Epic CIC
Epic is the first public service youth mutual to spin out of local government and delivers a wide range of support services for young people
What is Epic CIC?
Going live on the 1st January 2014 Epic CIC became the first public service youth mutual to spin out of local government. Epic delivers a comprehensive range of youth support services to children and young people up to the age of 19, and up to 25 where an individual has a lifelong learning difficulty and/or disability. Their mission is to inspire young people to achieve their potential and to make a positive difference to the communities in which they work.
The Epic Story
The head of the Royal Borough of Kensington and Chelsea’s nationally recognised youth support service, Brendan O’Keefe, first started exploring spinning out the service as a mutual in response to significant projected funding cuts, which had the potential to see the service halved by 2017. Recognising the need to adapt, Brendan and his staff embarked on a journey of discovery and transformation. In 2012 the youth service employees voted unanimously in favour of spinning out as a public service mutual.
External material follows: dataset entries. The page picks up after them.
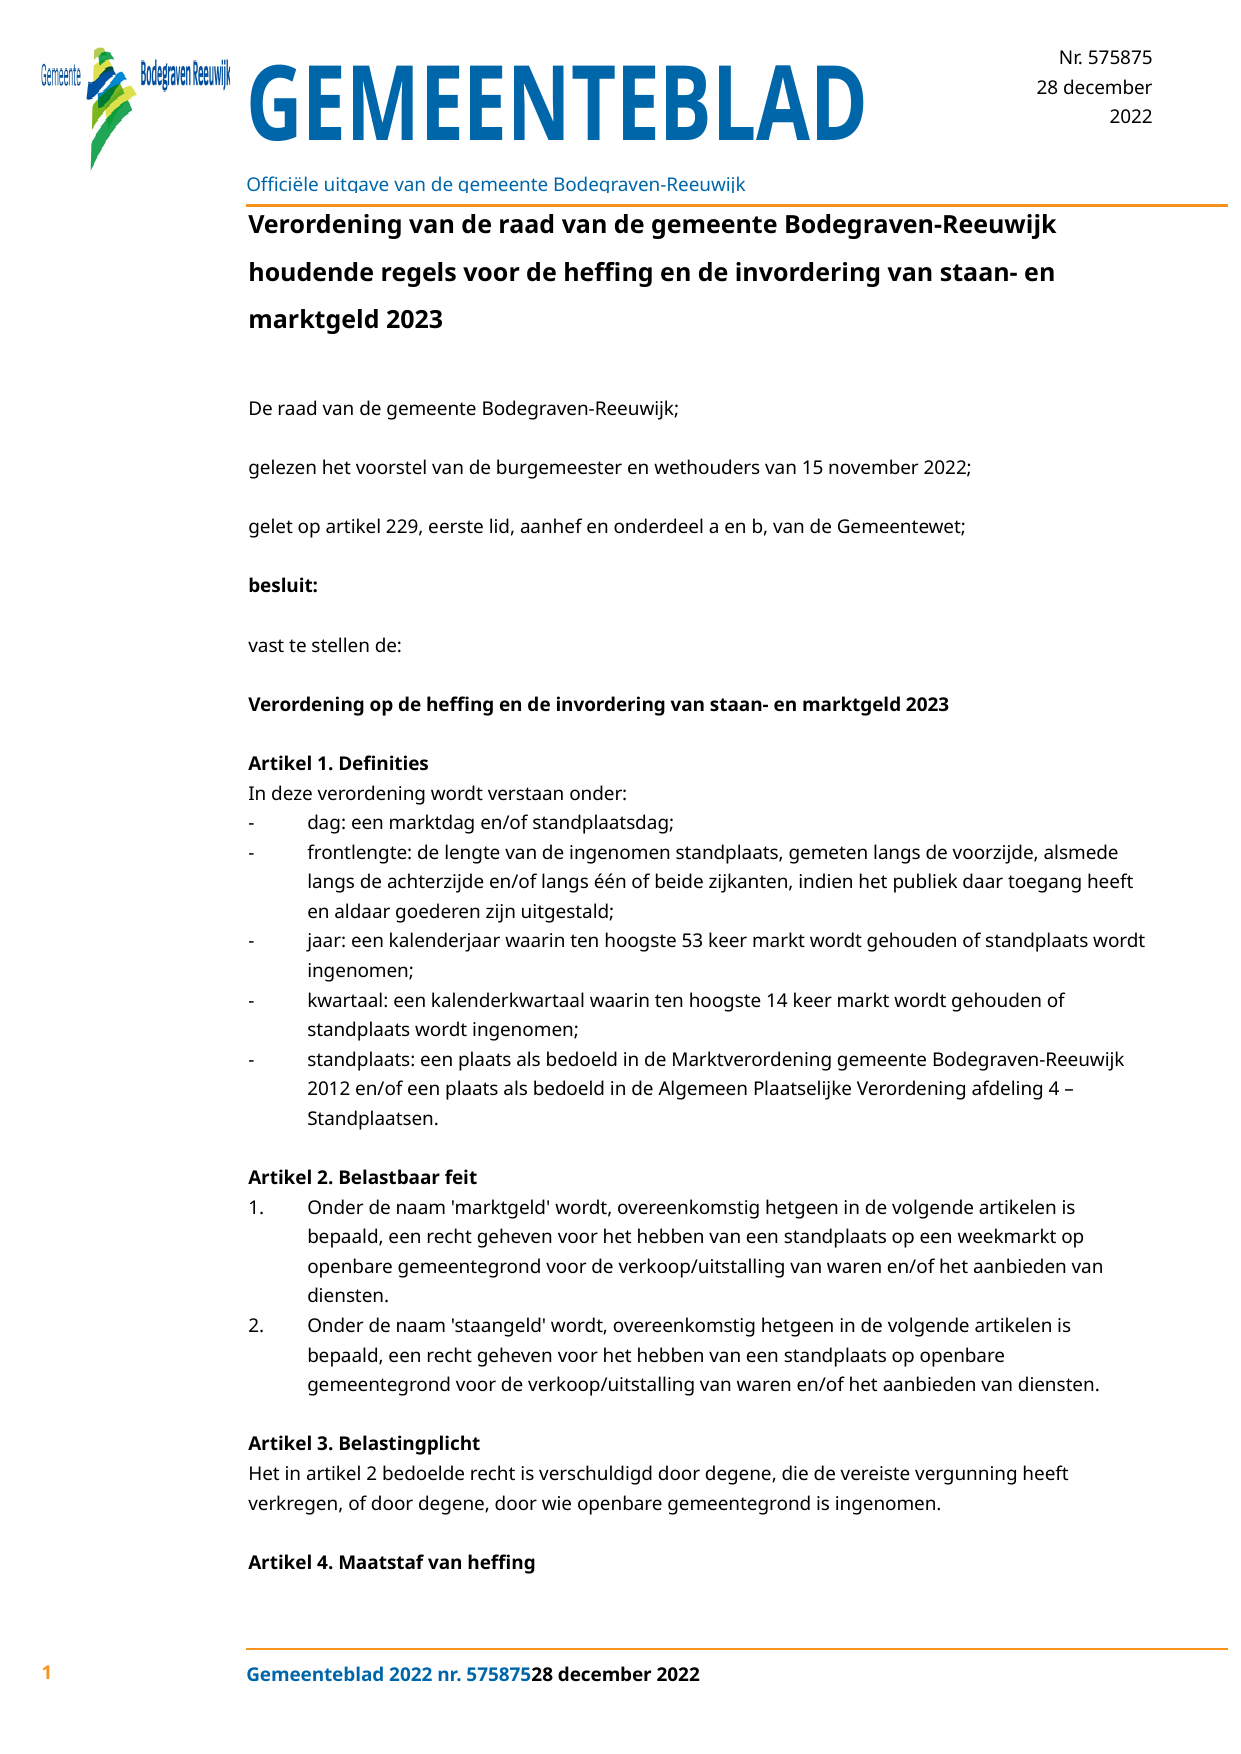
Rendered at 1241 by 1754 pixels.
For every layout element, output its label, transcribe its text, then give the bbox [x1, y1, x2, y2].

text Artikel 4. Maatstaf van heffing [248, 1549, 1152, 1574]
text In deze verordening wordt verstaan onder: [248, 780, 1152, 805]
text Het in artikel 2 bedoelde recht is verschuldigd door degene, die de vereiste vergunning heeft verkregen, of door degene, door wie openbare gemeentegrond is ingenomen. [248, 1460, 1152, 1515]
list kwartaal: een kalenderkwartaal waarin ten hoogste 14 keer markt wordt gehouden of standplaats wordt ingenomen; [248, 987, 1152, 1042]
text Artikel 3. Belastingplicht [248, 1431, 1152, 1456]
list standplaats: een plaats als bedoeld in de Marktverordening gemeente Bodegraven-Reeuwijk 2012 en/of een plaats als bedoeld in de Algemeen Plaatselijke Verordening afdeling 4 – Standplaatsen. [248, 1046, 1152, 1131]
text Artikel 2. Belastbaar feit [248, 1164, 1152, 1190]
list jaar: een kalenderjaar waarin ten hoogste 53 keer markt wordt gehouden of standplaats wordt ingenomen; [248, 928, 1152, 983]
text De raad van de gemeente Bodegraven-Reeuwijk; [248, 395, 1152, 421]
picture [41, 47, 231, 172]
list dag: een marktdag en/of standplaatsdag; [248, 809, 1152, 835]
text besluit: [248, 573, 1152, 598]
list Onder de naam 'marktgeld' wordt, overeenkomstig hetgeen in de volgende artikelen is bepaald, een recht geheven voor het hebben van een standplaats op een weekmarkt op openbare gemeentegrond voor de verkoop/uitstalling van waren en/of het aanbieden van diensten. [248, 1194, 1152, 1308]
text vast te stellen de: [248, 632, 1152, 657]
text gelezen het voorstel van de burgemeester en wethouders van 15 november 2022; [248, 454, 1152, 480]
text Artikel 1. Definities [248, 750, 1152, 776]
text Verordening van de raad van de gemeente Bodegraven-Reeuwijk houdende regels voor de heffing en de invordering van staan- en marktgeld 2023 [248, 207, 1152, 336]
list frontlengte: de lengte van de ingenomen standplaats, gemeten langs de voorzijde, alsmede langs de achterzijde en/of langs één of beide zijkanten, indien het publiek daar toegang heeft en aldaar goederen zijn uitgestald; [248, 839, 1152, 924]
text Verordening op de heffing en de invordering van staan- en marktgeld 2023 [248, 691, 1152, 717]
text gelet op artikel 229, eerste lid, aanhef en onderdeel a en b, van de Gemeentewet; [248, 513, 1152, 539]
list Onder de naam 'staangeld' wordt, overeenkomstig hetgeen in de volgende artikelen is bepaald, een recht geheven voor het hebben van een standplaats op openbare gemeentegrond voor de verkoop/uitstalling van waren en/of het aanbieden van diensten. [248, 1312, 1152, 1397]

In addition to support from the council, Epic received bespoke and expert legal support from Cabinet Office’s Mutuals Support Programme. Staff also attended the pilot of Cabinet Office’s Going for Growth training programme, helping to build their commercial capability ahead of spinning-out.
Mutual life
Moving to a public service mutual model helps Epic put frontline staff and young people at the heart of its decision-making, with Epic’s board including five elected employees as well as two young people. For the first time ever, elected board members have been given the responsibility of approving the annual budget. In addition, a Staff Council has been created - meeting bi-monthly it holds the Managing Director to account for decisions.
The mutual model has also empowered Epic’s staff to identify and implement innovative and enterprising ideas for working with young people, which will be sustainable over the long term. For example, a local independent school funds one of Epic’s youth centres to develop an environmental project for young people at risk of involvement in the criminal justice system.
Epic is also demonstrating its credentials outside the more traditional local authority and education sectors. It has already won a contract with the local Clinical Commissioning Group for youth workers to deliver healthy lifestyle programmes to ‘hard to reach’ young people – in other words those who would not as a matter of course access NHS services.
Epic’s kayaking centre on the River Thames now sells kayaking trips to the general public with profits reinvested back into Epic’s core youth services.
Initiatives such as these are helping Epic pass on significant savings to the Council - more than £800,000 over the next 5 years - whilst at the same time investing in and expanding its youth support service. These savings are in addition to the £765,000 of cashable savings delivered to the Council over the past two years.